The optimization goal is to find those configuration vectors,  $\mathbf{x}$ , that are mapped to Pareto (non-dominant) designs in the solution space. To address the aforementioned problem, we exploit Response Surface Modeling (RSM) techniques to capture in an analytical manner the relationships between several design parameters and one or more response variables. A typical RSM-based flow involves a *training phase*, in which known data (or *training set*), generated by Design of Experiments (DoE), are used to tune the RSM configuration, and a *prediction phase* in which the RSM is used to predict the unknown system response.

The proposed RSM-based framework, shown in Figure 1, adopts RESPIR [24] exploration strategy to tackle a new target problem. The left part of the design flow (namely coprocessor synthesis and area estimation framework) includes

the typical HLS steps (intermediate representation (IR) generation, operation scheduling and operation/variable binding) for generating the coprocessor RTL description.
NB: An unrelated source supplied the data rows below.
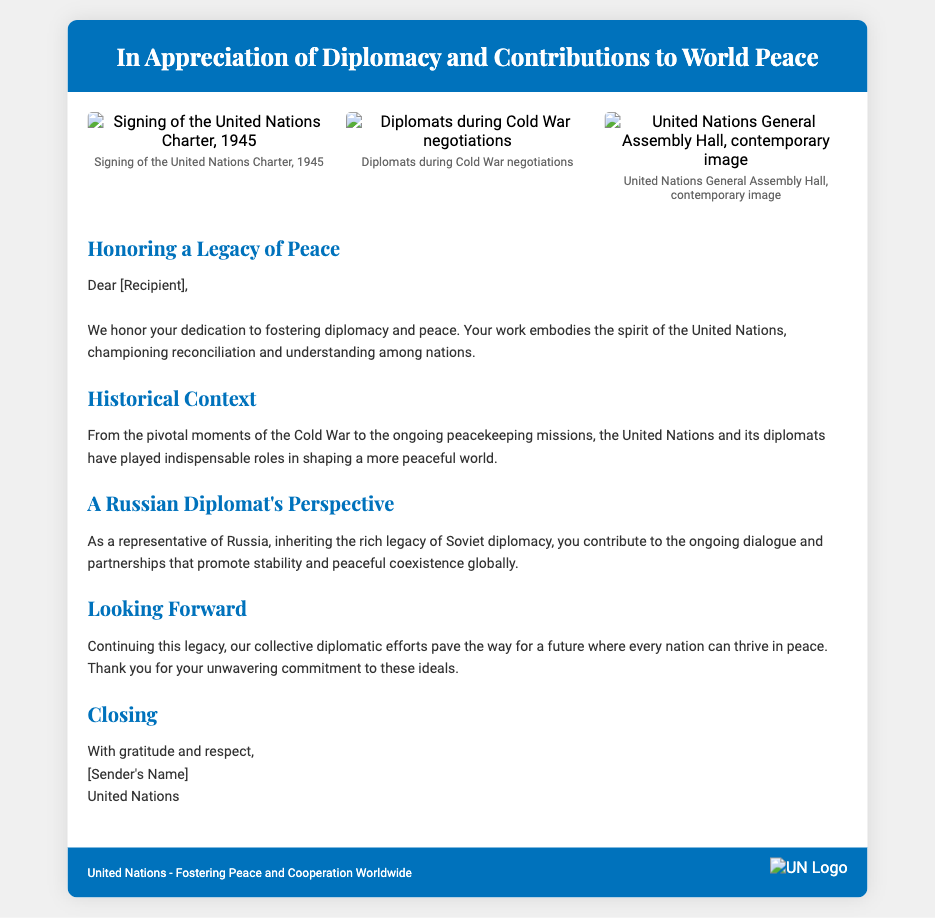What is the title of the card? The title is prominently displayed in the header section of the document.
Answer: In Appreciation of Diplomacy and Contributions to World Peace What year was the United Nations Charter signed? The document features an image of the signing event with its corresponding caption.
Answer: 1945 What is the color of the header? The header background color is specified in the style of the document.
Answer: Blue Which organization is sending this appreciation card? The footer section mentions the organization responsible for the card.
Answer: United Nations What is the primary theme conveyed in the card? The text sections collectively highlight the focus of the card.
Answer: Peace How many images are included in the image gallery? The layout specifies the number of image containers shown.
Answer: Three What aspect of diplomacy does the card specifically mention from the Russian perspective? This detail is found in the text section that discusses the Russian diplomat's role.
Answer: Stability What is stated as the future goal of diplomatic efforts? The closing section of the text outlines the aspirations for the future.
Answer: Peace Who is the card addressed to? The salutation area of the card leaves space for personalization.
Answer: [Recipient] 
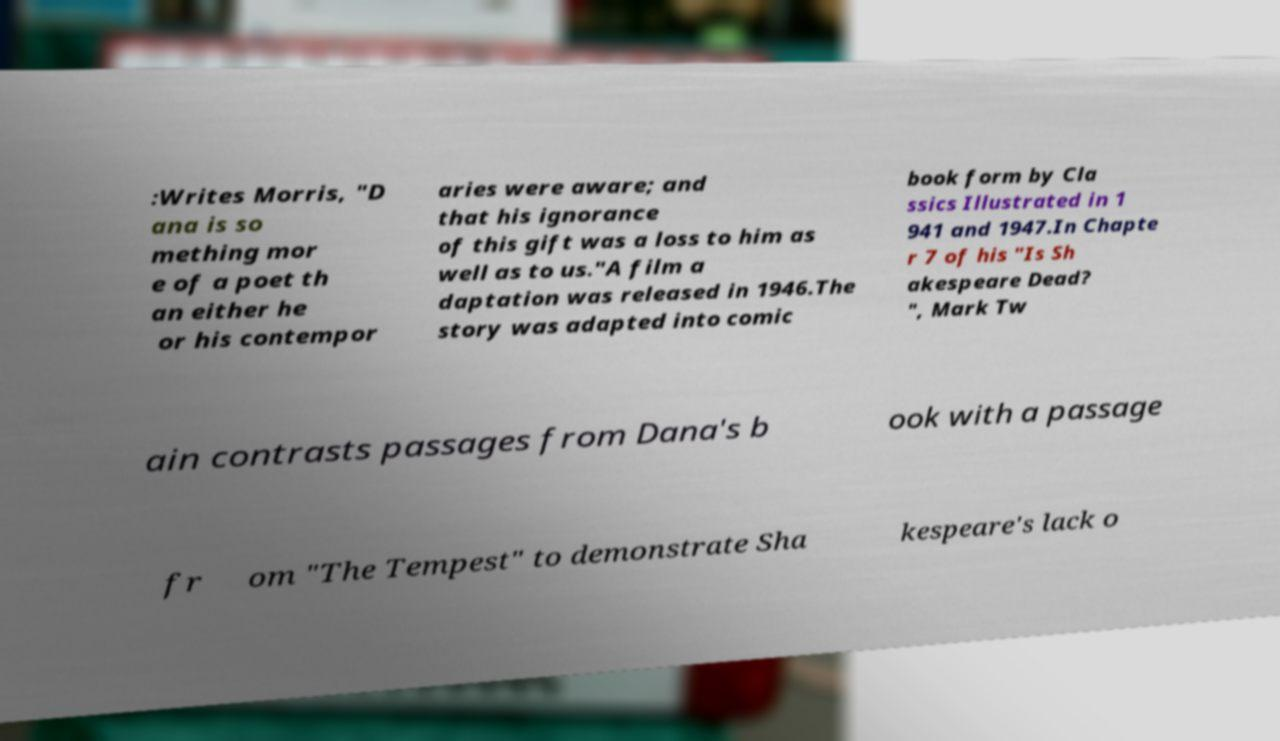What messages or text are displayed in this image? I need them in a readable, typed format. :Writes Morris, "D ana is so mething mor e of a poet th an either he or his contempor aries were aware; and that his ignorance of this gift was a loss to him as well as to us."A film a daptation was released in 1946.The story was adapted into comic book form by Cla ssics Illustrated in 1 941 and 1947.In Chapte r 7 of his "Is Sh akespeare Dead? ", Mark Tw ain contrasts passages from Dana's b ook with a passage fr om "The Tempest" to demonstrate Sha kespeare's lack o

The RTL description together with a gate-level pre-characterized resource library are used as inputs for estimating (at the pre-synthesis level) the area complexity of the architectural solution. The innovative feature of the proposed framework consists of extending the typical coprocessor synthesis flow with a set of new modules, i.e. the DoE generator, the RSM training function, the trained RSM model, Pareto analysis functions. These modules implement the proposed meta-model assisted exploration framework, which is composed of the following steps:

- Setup an initial random design of experiments (DoE). The selected design points are synthesized through the coprocessor synthesis and area estimation framework to extract execution latency and area complexity of each point.
- Train the selected RSM by using the current set of synthesized design points;
- 3) Compute the *intermediate* Pareto set by using a full-search DoE on the RSM trained in the step 2.
- 4) For all the points belonging to the intermediate Pareto set and not yet synthesized, proceed with synthesis through the coprocessor synthesis tool flow. This enables new promising points to be part of current set of synthesized design points.
- 5) If the new set of synthesized design points has at least one new point dominating the previous set, restart from step 2. Otherwise, the final Pareto set is derived from the latest set of synthesized points.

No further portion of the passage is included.